Ленка передернула плечами.

– У нашего поселка даже статуса населенного пункта нет, какие уж тут службы!

– При чем здесь статус? По экстренному вызову куда угодно должны приехать!

– Ну не знаю! Может, и вызывали, я не вникала. Да и как найти того, кто не хочет, чтобы его нашли? Люди ведь по своей воле в лес уходят. Говорят, одного такого пытались остановить, так он вырвался и сбежал, поминай как звали! А ты говоришь – службы!

– Да уж, загадочное явление… А почему ты считаешь, что у поселка нет статуса населенного пункта? Здесь, вон, даже церковь построили! – сказал Антон, заметив купола, блеснувшие в сгустившейся синеве вечернего неба.

– Так церковь-то старая, стоит еще с тех пор, когда был статус, и то она появилась благодаря нашему священнику. Он, говорят, ее своими руками поднял из руин, оставшихся после войны. Люди, конечно, помогали – и пожертвованиями, и трудом, но, если бы не он, не было бы у нас этой церкви. А тогда, может, и поселка бы не было – нечисть бы всех выкосила.

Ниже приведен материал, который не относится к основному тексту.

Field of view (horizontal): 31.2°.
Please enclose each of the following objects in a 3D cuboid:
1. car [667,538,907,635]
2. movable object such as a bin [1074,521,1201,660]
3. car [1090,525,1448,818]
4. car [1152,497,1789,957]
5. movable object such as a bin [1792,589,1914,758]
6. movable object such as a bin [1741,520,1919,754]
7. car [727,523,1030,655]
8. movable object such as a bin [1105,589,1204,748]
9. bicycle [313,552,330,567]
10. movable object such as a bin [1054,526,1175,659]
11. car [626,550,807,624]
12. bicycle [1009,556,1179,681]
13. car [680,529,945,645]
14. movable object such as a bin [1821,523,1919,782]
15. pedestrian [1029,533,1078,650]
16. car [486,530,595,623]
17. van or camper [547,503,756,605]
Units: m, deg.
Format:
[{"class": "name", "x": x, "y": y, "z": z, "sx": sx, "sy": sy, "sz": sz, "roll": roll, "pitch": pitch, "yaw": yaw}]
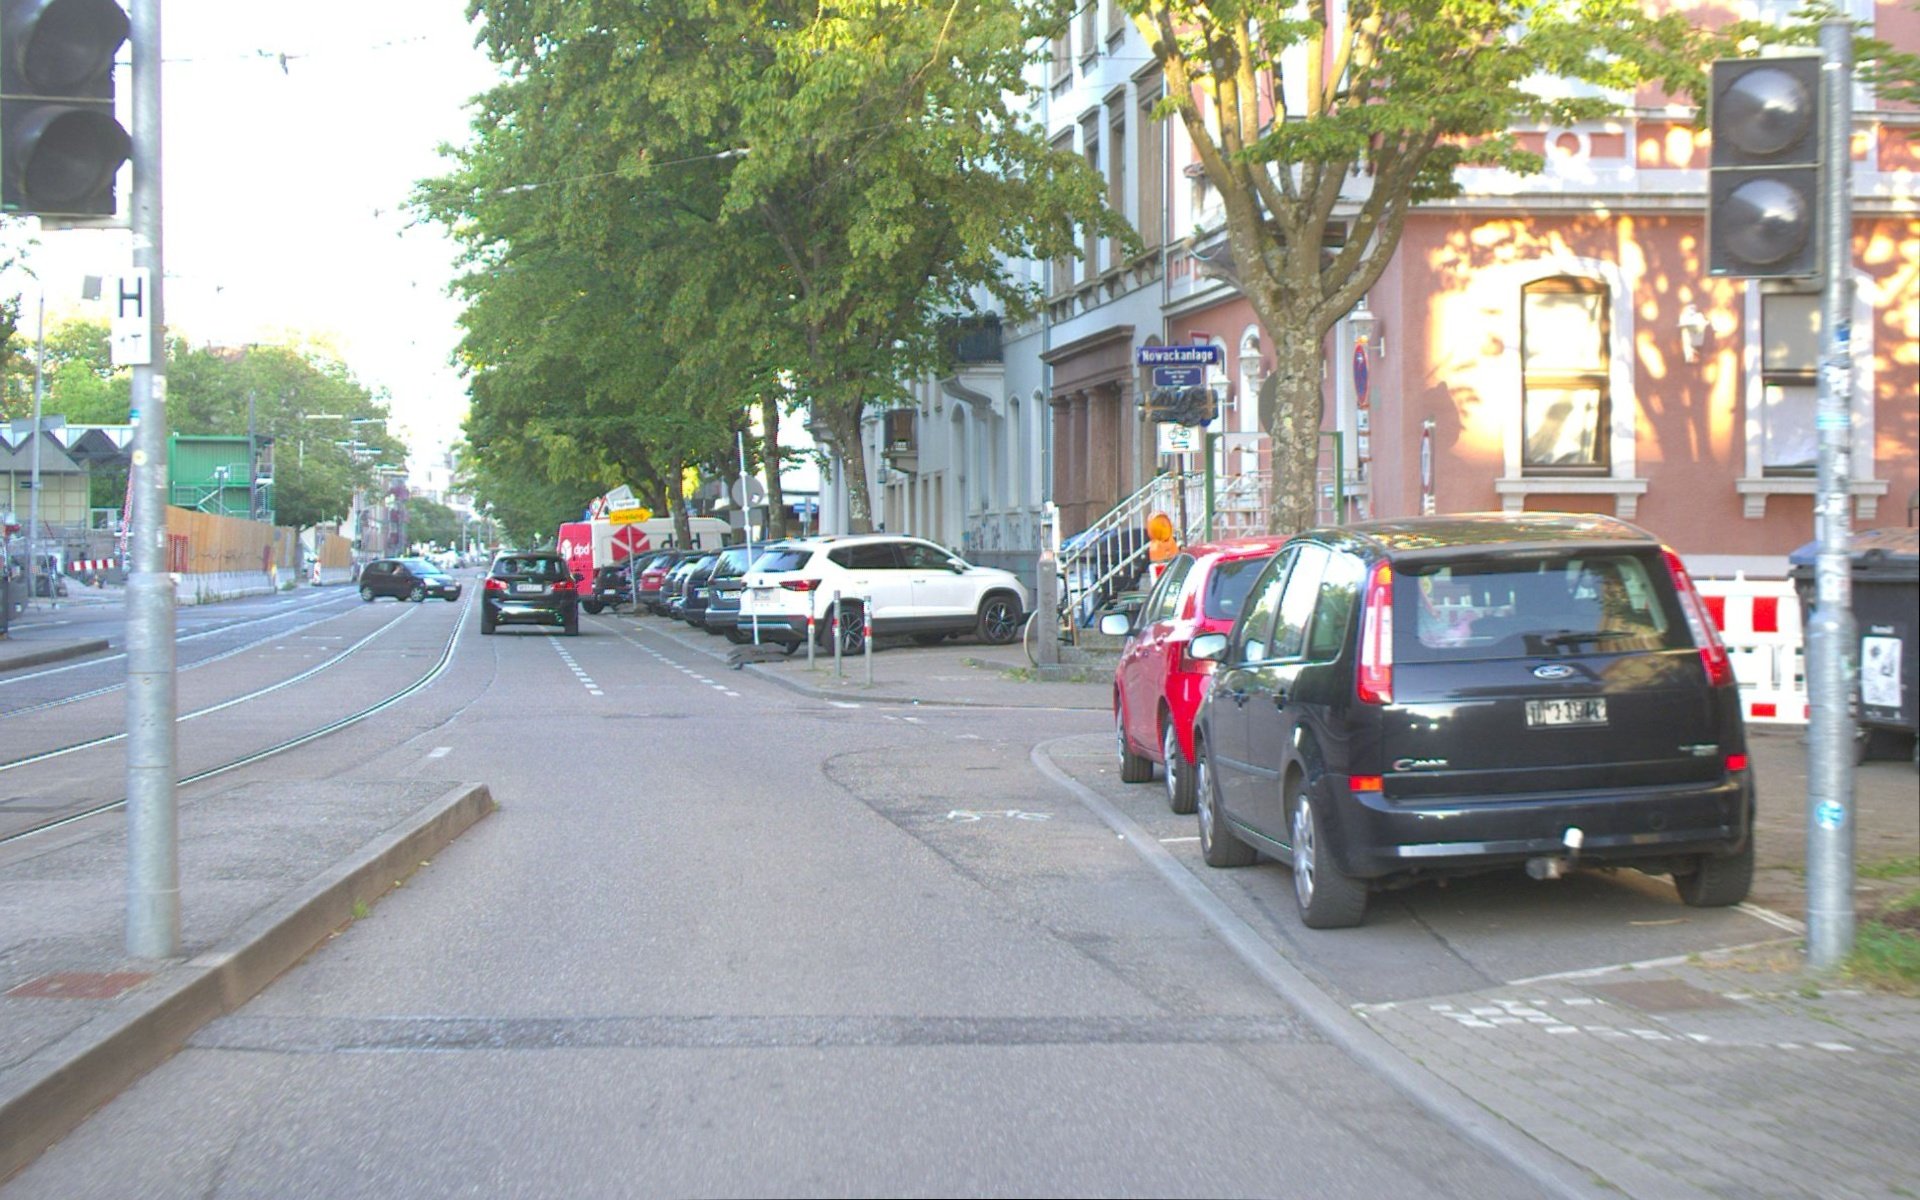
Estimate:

Старики считают, что только молитвы отца Федота не дают нечисти разгуляться в полную силу.

– Святой человек ваш отец Федот!

– Да, вот только он уже очень старый, и неизвестно, что с нами будет, когда закончится его век. – Ленка вдруг остановилась, устремила взгляд вдаль, к церковным куполам, и троекратно перекрестилась. Беззаботное выражение исчезло с ее лица, уступив место страху и тоске. – Если бы не бабка, я давно бы отсюда уехала, только мне не на кого ее оставить. Здоровье у нее не очень, а о больнице и переезде в город она и слышать не хочет, считает, что современная медицина и цивилизация быстро сведут ее в могилу. Держится за свою лачугу и кусок земли, думает, что они ей силу дают. Пьет какие-то травки, к бабке-знахарке ходит, а толку никакого, ей только хуже становится. Еще и бредить начала в последнее время, аж жуть берет. Однажды вскочила с кровати посреди ночи, бегает по дому и кричит: «Внученька, внученька, где же ты?!», а меня будто и не видит. Я ей отвечаю, мол, вот же я, ба, а она отмахивается: «Да не ты!», а потом в слезы. Не знаю, что и думать!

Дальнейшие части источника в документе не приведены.